──────── Input data

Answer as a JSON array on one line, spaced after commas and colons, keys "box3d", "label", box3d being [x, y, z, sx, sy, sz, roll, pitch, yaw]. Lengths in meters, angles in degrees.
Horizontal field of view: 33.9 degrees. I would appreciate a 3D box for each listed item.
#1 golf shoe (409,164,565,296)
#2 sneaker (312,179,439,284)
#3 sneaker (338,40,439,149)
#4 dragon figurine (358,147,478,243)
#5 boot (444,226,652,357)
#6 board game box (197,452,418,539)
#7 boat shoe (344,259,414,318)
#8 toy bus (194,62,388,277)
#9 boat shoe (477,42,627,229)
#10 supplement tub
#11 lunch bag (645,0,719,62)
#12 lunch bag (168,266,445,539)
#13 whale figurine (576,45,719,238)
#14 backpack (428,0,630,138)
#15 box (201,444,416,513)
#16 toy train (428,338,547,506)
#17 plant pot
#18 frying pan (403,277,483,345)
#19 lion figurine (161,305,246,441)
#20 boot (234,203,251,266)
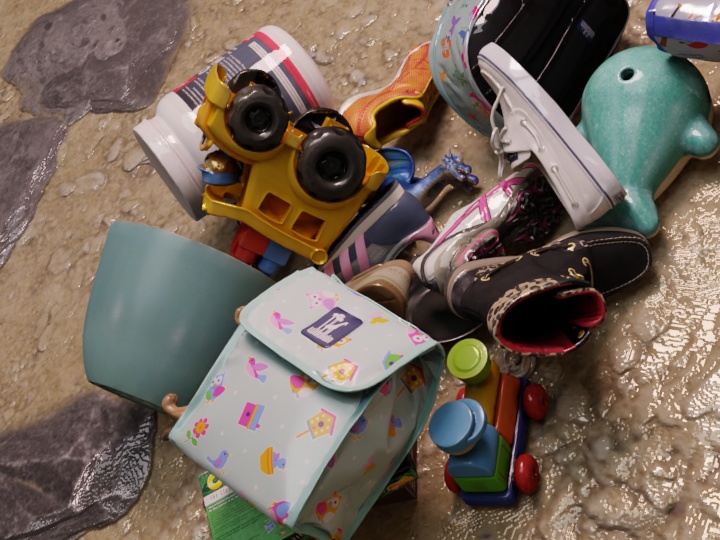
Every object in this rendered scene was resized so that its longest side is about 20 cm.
[{"box3d": [0.130, -0.052, 1.177, 0.092, 0.073, 0.200, 20, 52, 44], "label": "golf shoe"}, {"box3d": [0.000, 0.000, 1.234, 0.200, 0.082, 0.070, -46, 8, 31], "label": "sneaker"}, {"box3d": [0.060, -0.193, 1.332, 0.077, 0.074, 0.200, 21, 54, 38], "label": "sneaker"}, {"box3d": [0.035, -0.093, 1.295, 0.198, 0.059, 0.100, 13, 64, 37], "label": "dragon figurine"}, {"box3d": [0.183, 0.018, 1.042, 0.197, 0.074, 0.151, -9, 13, -6], "label": "boot"}, {"box3d": [-0.051, 0.186, 1.065, 0.198, 0.023, 0.106, -29, 53, 11], "label": "board game box"}, {"box3d": [-0.017, 0.055, 1.193, 0.199, 0.071, 0.065, -32, 16, 38], "label": "boat shoe"}, {"box3d": [-0.099, -0.089, 1.202, 0.193, 0.198, 0.136, -58, 17, 13], "label": "toy bus"}, {"box3d": [0.158, -0.121, 1.123, 0.086, 0.075, 0.203, -39, 76, 8], "label": "boat shoe"}, {"box3d": [-0.137, -0.163, 1.311, 0.199, 0.141, 0.140, -37, 45, -10], "label": "supplement tub"}, {"box3d": [0.384, -0.245, 1.094, 0.169, 0.125, 0.199, 18, 32, 42], "label": "lunch bag"}, {"box3d": [-0.039, 0.108, 1.008, 0.169, 0.122, 0.201, 28, 83, 38], "label": "lunch bag"}, {"box3d": [0.266, -0.130, 1.148, 0.157, 0.104, 0.202, 4, 62, 33], "label": "whale figurine"}, {"box3d": [0.166, -0.240, 1.247, 0.150, 0.177, 0.202, 2, 60, 59], "label": "backpack"}, {"box3d": [-0.048, 0.178, 1.133, 0.198, 0.075, 0.101, -16, 50, 23], "label": "box"}, {"box3d": [0.113, 0.097, 1.062, 0.084, 0.116, 0.202, -5, 55, 28], "label": "toy train"}, {"box3d": [-0.198, 0.064, 1.234, 0.199, 0.200, 0.163, 11, 74, 37], "label": "plant pot"}, {"box3d": [0.119, 0.017, 1.178, 0.188, 0.031, 0.116, -22, 43, 1], "label": "frying pan"}, {"box3d": [-0.094, 0.108, 1.128, 0.122, 0.072, 0.201, 32, 83, 29], "label": "lion figurine"}, {"box3d": [-0.126, -0.068, 1.377, 0.089, 0.073, 0.202, -16, 41, 27], "label": "boot"}]
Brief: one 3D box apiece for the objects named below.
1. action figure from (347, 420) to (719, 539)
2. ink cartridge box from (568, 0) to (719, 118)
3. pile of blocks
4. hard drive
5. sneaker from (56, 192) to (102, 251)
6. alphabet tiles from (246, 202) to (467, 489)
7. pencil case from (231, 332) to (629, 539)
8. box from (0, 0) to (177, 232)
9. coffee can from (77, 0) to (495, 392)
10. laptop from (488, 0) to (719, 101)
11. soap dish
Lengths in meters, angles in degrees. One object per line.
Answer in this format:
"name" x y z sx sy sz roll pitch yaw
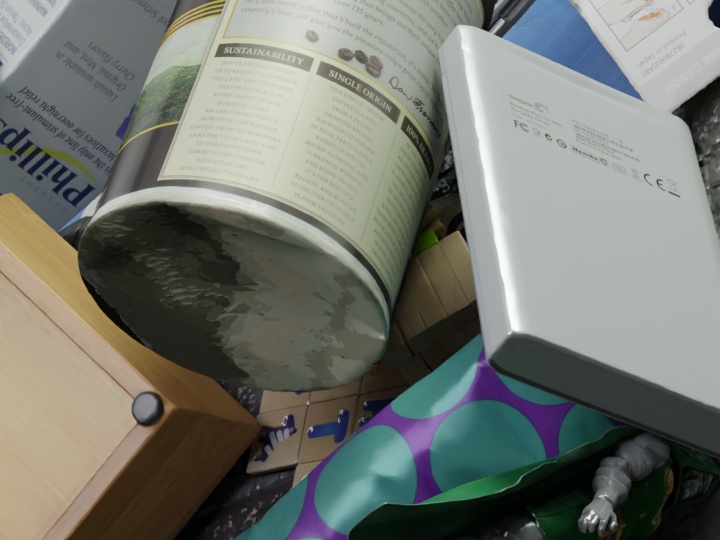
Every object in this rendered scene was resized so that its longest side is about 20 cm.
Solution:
"action figure" 0.077 0.110 1.136 0.055 0.200 0.118 42 135 28
"ink cartridge box" 0.151 -0.194 1.325 0.161 0.050 0.200 -37 78 9
"pile of blocks" 0.000 0.000 1.356 0.082 0.062 0.200 -48 46 -14
"hard drive" 0.102 -0.015 1.203 0.026 0.132 0.200 -51 29 34
"sneaker" -0.096 -0.028 1.479 0.200 0.076 0.077 -27 24 28
"alphabet tiles" 0.013 0.058 1.347 0.167 0.008 0.201 -13 53 37
"pencil case" 0.036 0.100 1.227 0.200 0.085 0.093 -40 80 13
"box" -0.190 -0.139 1.609 0.200 0.105 0.184 -49 40 4
"coffee can" -0.031 -0.066 1.281 0.146 0.146 0.200 -12 47 38
"laptop" 0.098 -0.189 1.367 0.187 0.200 0.116 -48 6 4
"soap dish" -0.171 0.074 1.403 0.200 0.081 0.157 41 93 25
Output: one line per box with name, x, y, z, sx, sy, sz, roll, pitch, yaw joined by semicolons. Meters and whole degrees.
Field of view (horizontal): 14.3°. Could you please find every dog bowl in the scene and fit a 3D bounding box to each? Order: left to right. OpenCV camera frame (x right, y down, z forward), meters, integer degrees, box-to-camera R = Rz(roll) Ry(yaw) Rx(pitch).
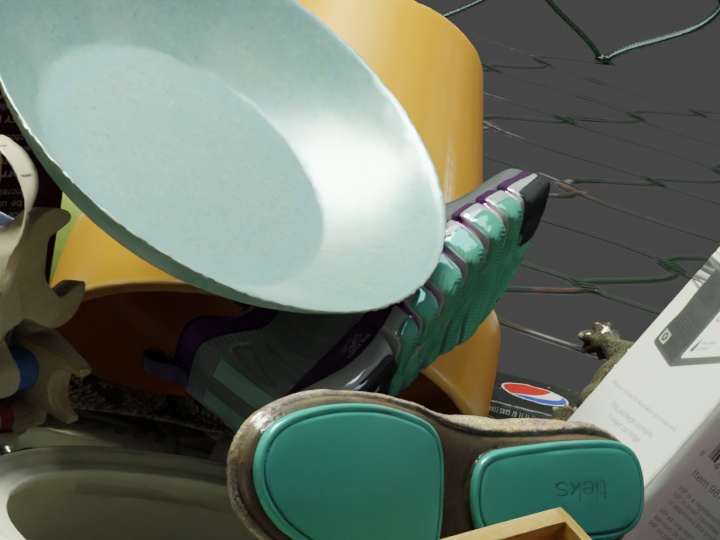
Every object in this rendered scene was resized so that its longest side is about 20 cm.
dog bowl;-0.051;0.130;1.011;0.200;0.074;0.200;14;13;-3

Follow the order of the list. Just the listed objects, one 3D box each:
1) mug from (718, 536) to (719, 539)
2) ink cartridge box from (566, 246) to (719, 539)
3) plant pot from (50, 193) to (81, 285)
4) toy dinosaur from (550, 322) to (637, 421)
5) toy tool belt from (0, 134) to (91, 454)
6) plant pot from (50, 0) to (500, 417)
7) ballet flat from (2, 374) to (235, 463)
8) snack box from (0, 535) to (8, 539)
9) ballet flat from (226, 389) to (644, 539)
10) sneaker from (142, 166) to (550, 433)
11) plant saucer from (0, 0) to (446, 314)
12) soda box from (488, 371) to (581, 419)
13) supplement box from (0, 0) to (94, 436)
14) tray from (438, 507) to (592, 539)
mug;0.256;0.151;1.108;0.177;0.133;0.200;-28;31;-14
ink cartridge box;0.194;0.062;1.214;0.145;0.200;0.084;42;0;-28
plant pot;-0.176;-0.040;1.430;0.190;0.200;0.200;31;17;19
toy dinosaur;0.143;0.054;1.291;0.077;0.200;0.102;50;29;-22
toy tool belt;-0.163;0.022;1.077;0.125;0.200;0.123;28;18;18
plant pot;-0.025;-0.025;1.292;0.200;0.183;0.200;12;-25;6
ballet flat;-0.084;0.085;1.236;0.200;0.068;0.075;11;33;9
snack box;-0.209;0.073;0.938;0.116;0.037;0.200;5;15;-45
ballet flat;0.015;0.080;1.030;0.200;0.068;0.067;11;-8;-42
sneaker;0.000;0.000;1.138;0.088;0.074;0.200;32;42;14
plant saucer;-0.061;-0.049;1.087;0.201;0.039;0.201;26;34;-19
soda box;0.111;0.097;1.386;0.200;0.063;0.071;15;11;-4
supplement box;-0.236;-0.042;1.165;0.197;0.200;0.133;-3;28;-29
tray;0.099;0.166;0.933;0.200;0.037;0.099;47;24;20
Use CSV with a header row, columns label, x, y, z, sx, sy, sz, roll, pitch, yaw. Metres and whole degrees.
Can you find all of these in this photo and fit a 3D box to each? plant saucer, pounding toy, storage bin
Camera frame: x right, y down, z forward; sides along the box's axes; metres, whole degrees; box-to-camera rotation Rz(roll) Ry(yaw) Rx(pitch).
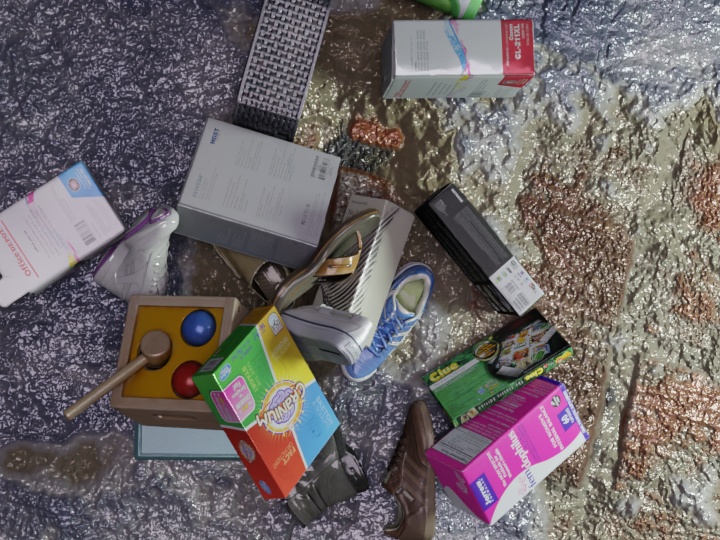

────────────────

### What to produce
Your task is to transcribe, with no changes, only the lines of the listing above that lie between the line holding "#16 toy train (428,338,547,506)" and the line holding "#20 boot (234,203,251,266)", inclusive.

### Solution
#16 toy train (428,338,547,506)
#17 plant pot
#18 frying pan (403,277,483,345)
#19 lion figurine (161,305,246,441)
#20 boot (234,203,251,266)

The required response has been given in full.